Olympus E-410 results : Outdoor / Resolution / Noise / Noise 2

Outdoor scene - Olympus E-410 vs Canon 400D / XTi with kit lenses

  To compare real-life performance we shot the same scene with the Olympus E-410 and Canon 400D / XTi within a few moments of each other using their best quality JPEG settings and lowest ISO sensitivities.

To reflect typical usage, each camera was fitted with its most common kit lens option, respectively: the Olympus Zuiko Digital 14-42mm ED and Canon EF-S 18-55mm. The Canon captures wider 3:2 aspect ratio images, but each lens was adjusted to capture an identical vertical field of view.

The image left was taken with the Olympus E-410 at 21mm f8, with a sensitivity of 100 ISO; the original SHQ JPEG measured 7.09MB; the Canon 400D / XTi image measured 4.10MB.

Note: we are aware of reports concerning underexposure issues affecting certain Olympus E-410 evaluation samples, but ours came from a different source and did not exhibit these issues. The images here and throughout the review did not employ compensation.
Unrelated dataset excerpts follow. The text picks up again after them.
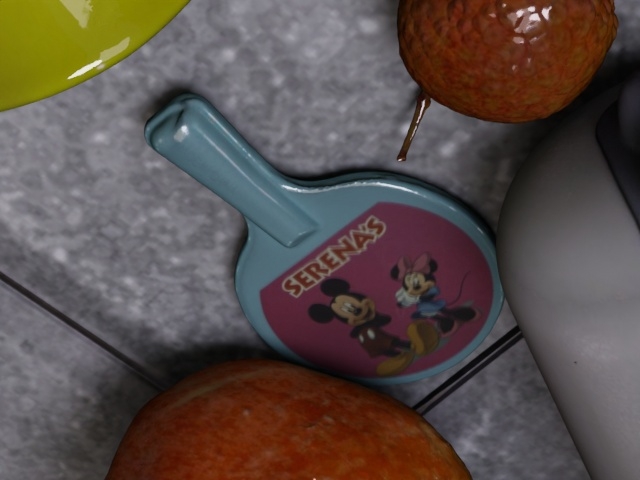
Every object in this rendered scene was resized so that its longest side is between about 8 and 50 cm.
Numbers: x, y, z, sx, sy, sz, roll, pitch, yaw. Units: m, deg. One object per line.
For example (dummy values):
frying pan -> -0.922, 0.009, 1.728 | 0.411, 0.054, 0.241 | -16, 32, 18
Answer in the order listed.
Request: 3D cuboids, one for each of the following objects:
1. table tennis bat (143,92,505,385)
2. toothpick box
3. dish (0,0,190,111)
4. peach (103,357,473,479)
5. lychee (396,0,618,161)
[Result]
table tennis bat -> 0.000, 0.000, 0.869 | 0.153, 0.040, 0.244 | -35, 120, 26
toothpick box -> 0.213, 0.051, 0.767 | 0.229, 0.229, 0.316 | -20, 121, 17
dish -> -0.129, -0.169, 0.687 | 0.262, 0.221, 0.108 | -37, 76, 23
peach -> -0.008, 0.192, 0.890 | 0.256, 0.232, 0.232 | 30, 124, 5
lychee -> 0.082, -0.106, 0.751 | 0.114, 0.140, 0.101 | -44, 113, -13
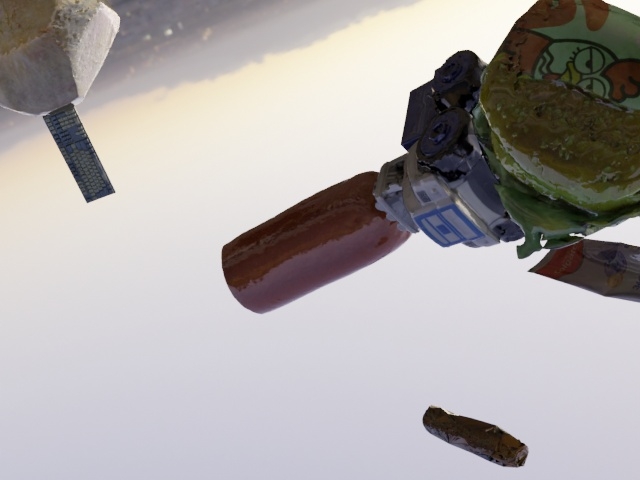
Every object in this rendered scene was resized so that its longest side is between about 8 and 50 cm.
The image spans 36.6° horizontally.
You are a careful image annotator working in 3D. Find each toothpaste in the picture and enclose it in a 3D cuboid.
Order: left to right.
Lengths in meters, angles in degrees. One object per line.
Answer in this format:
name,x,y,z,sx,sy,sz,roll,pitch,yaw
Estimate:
toothpaste,0.377,0.037,1.169,0.301,0.048,0.075,12,-103,58

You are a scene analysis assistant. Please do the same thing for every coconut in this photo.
coconut,-0.389,-0.286,1.314,0.197,0.237,0.237,18,-163,2

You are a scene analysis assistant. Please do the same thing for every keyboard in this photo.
keyboard,-0.398,-0.140,1.601,0.055,0.176,0.014,-20,-144,-2

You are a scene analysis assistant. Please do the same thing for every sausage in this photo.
sausage,0.000,0.000,1.202,0.259,0.114,0.113,-28,-171,25

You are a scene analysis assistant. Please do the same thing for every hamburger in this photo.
hamburger,0.227,-0.094,0.835,0.235,0.125,0.214,-46,-121,-5

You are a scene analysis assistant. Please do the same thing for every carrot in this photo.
carrot,0.287,0.369,1.829,0.069,0.069,0.228,-31,-148,-35

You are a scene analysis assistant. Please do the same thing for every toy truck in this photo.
toy truck,0.142,-0.089,1.066,0.177,0.161,0.213,-22,-141,37

Interestingly though, the Canon 400D / XTi continued its habit of underexposure, and despite running the latest 1.0.5 firmware we had to apply +2/3 EV of compensation to better match the E-410's results here.

The crops are taken from the upper left, centre and lower right portions of the originals and presented here at 100%. The E-410 crops show a slightly smaller area because it has a higher vertical resolution than the 400D / XTi.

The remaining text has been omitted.